(Beginning of EXERCISE DATA)

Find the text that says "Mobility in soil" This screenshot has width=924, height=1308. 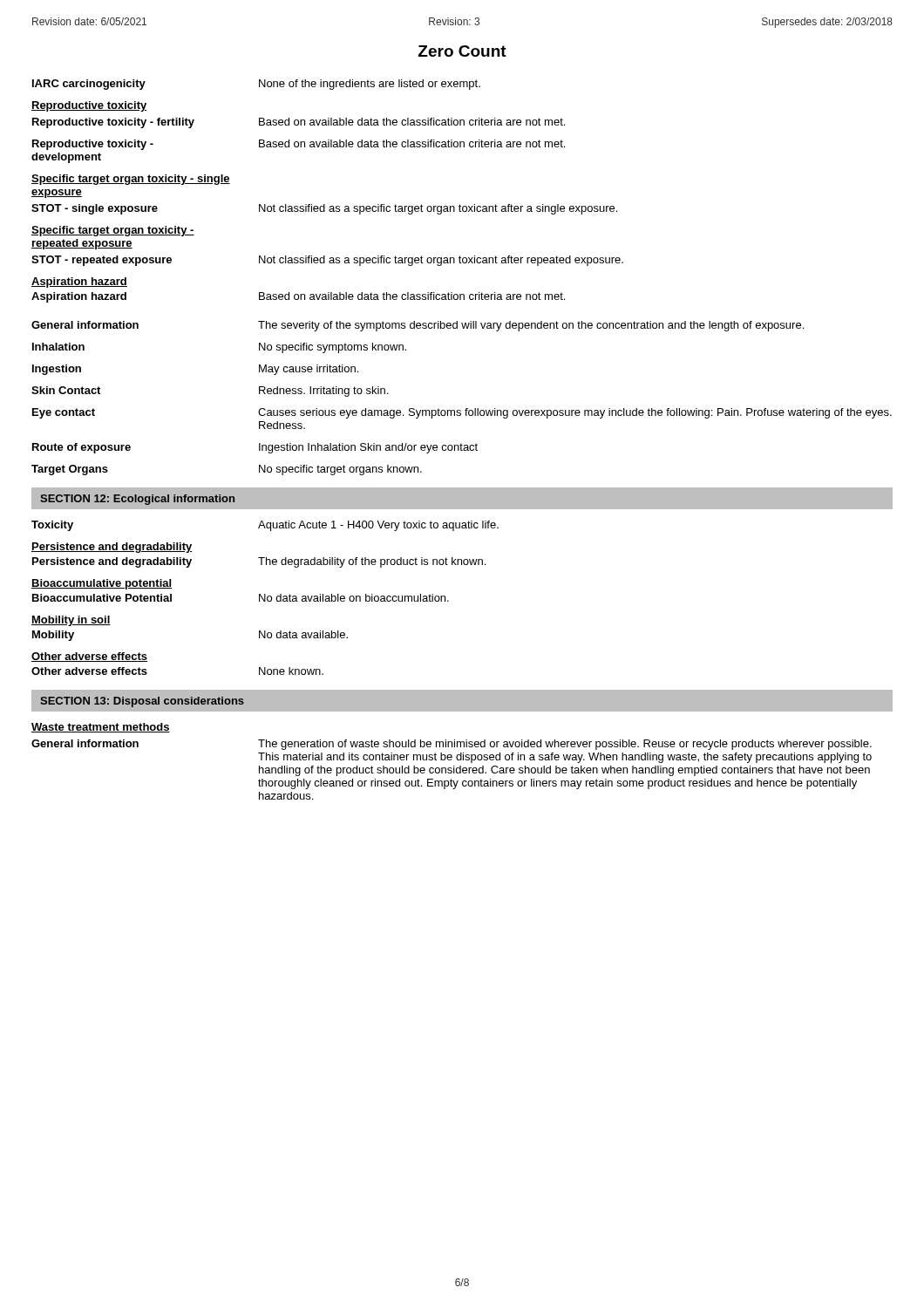(71, 621)
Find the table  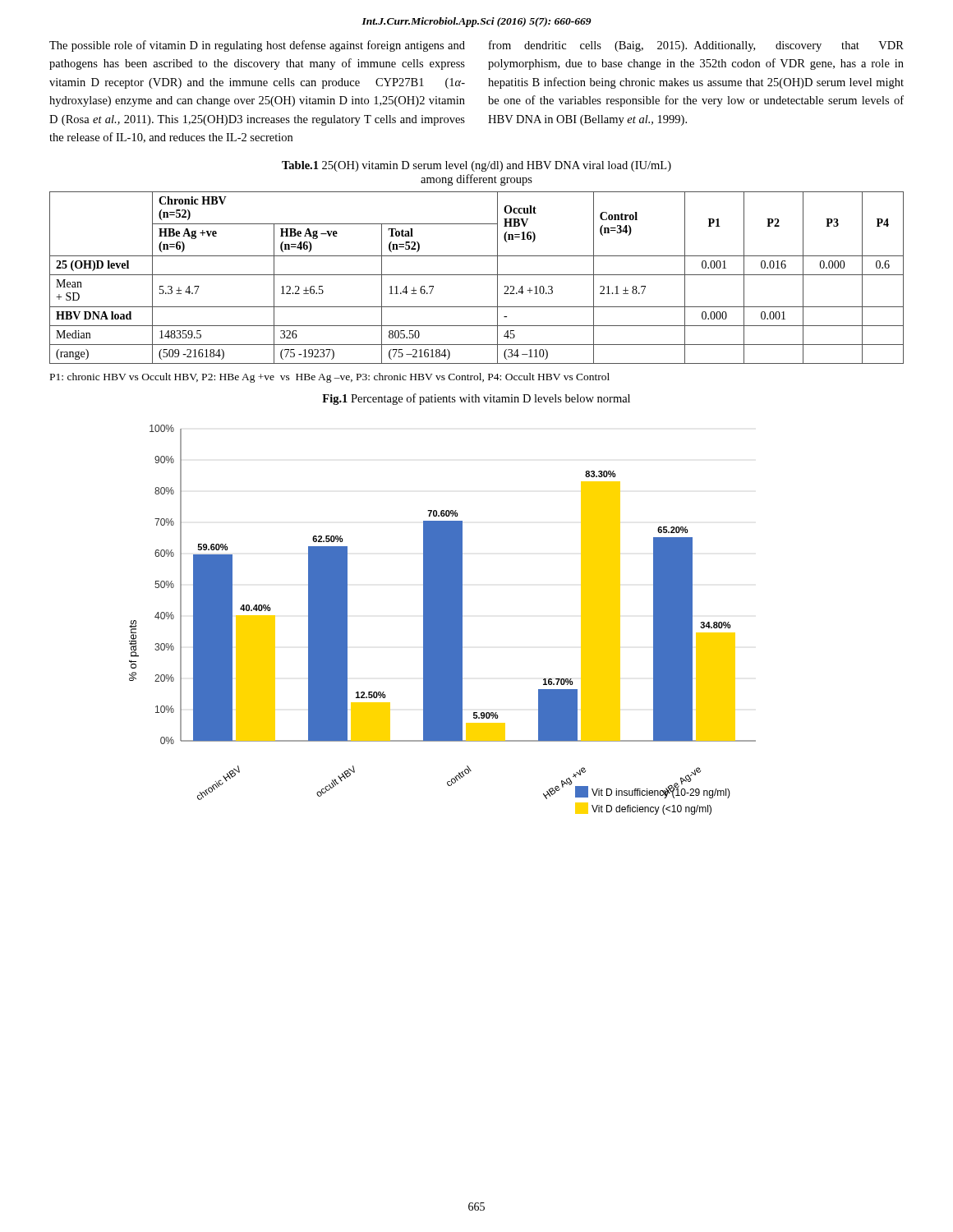pos(476,277)
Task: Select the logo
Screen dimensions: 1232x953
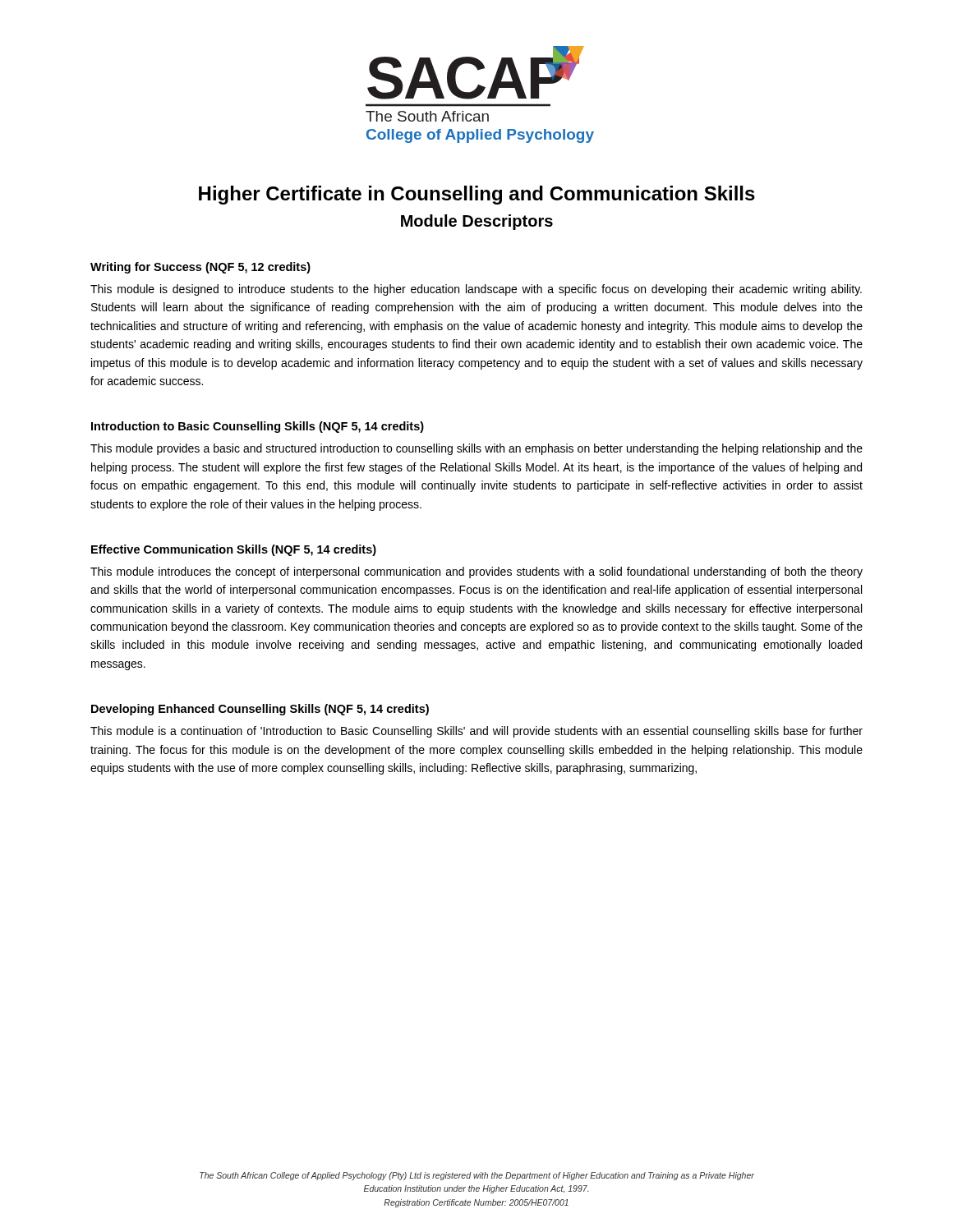Action: [x=476, y=79]
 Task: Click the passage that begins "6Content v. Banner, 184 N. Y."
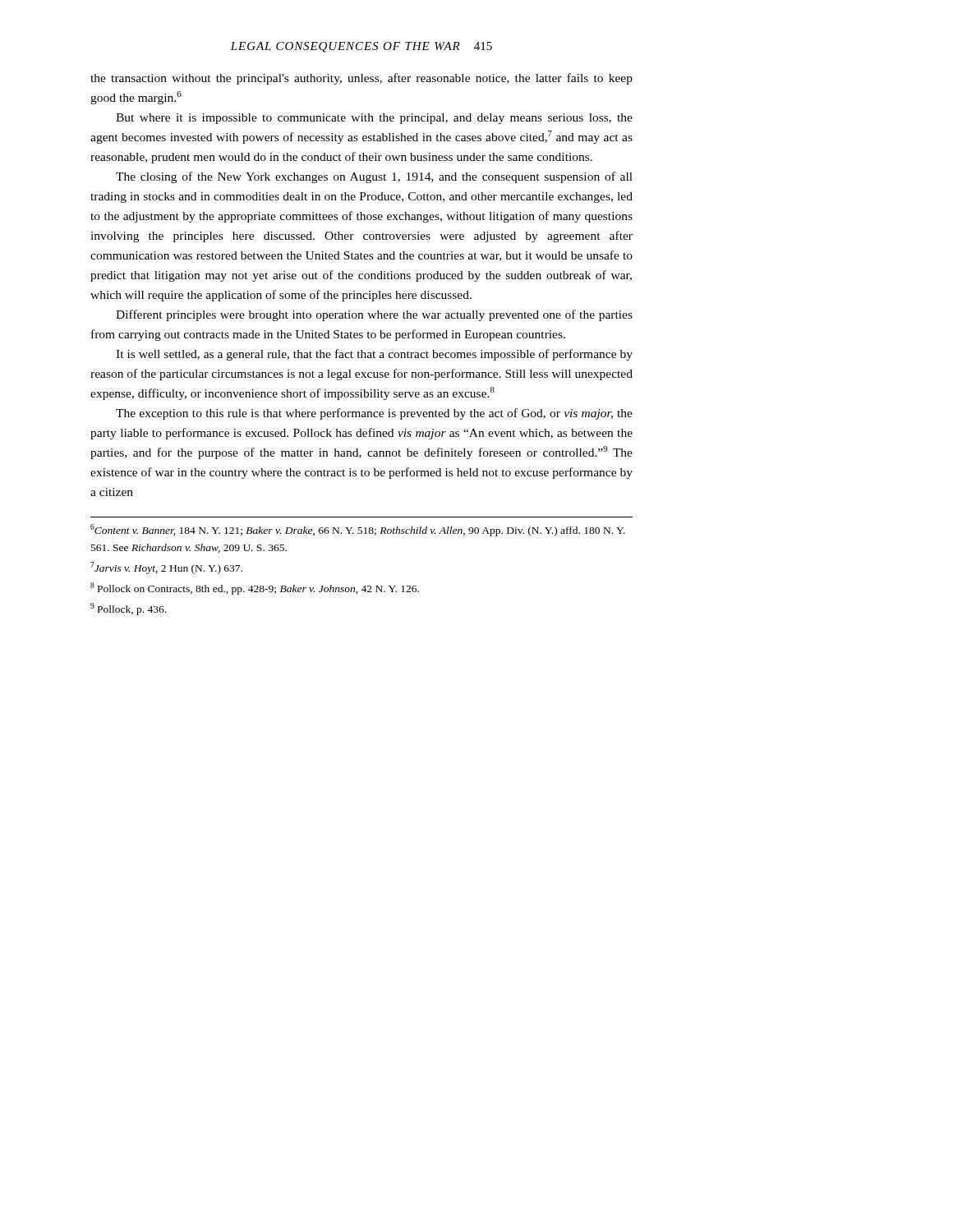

(End of EXERCISE DATA)

Where does "Task" appear in the listing? Show every line that has it.

### WRITTEN SOLUTION
Task: Select the logo
 Task: Click the passage that begins "6Content v. Banner, 184 N. Y."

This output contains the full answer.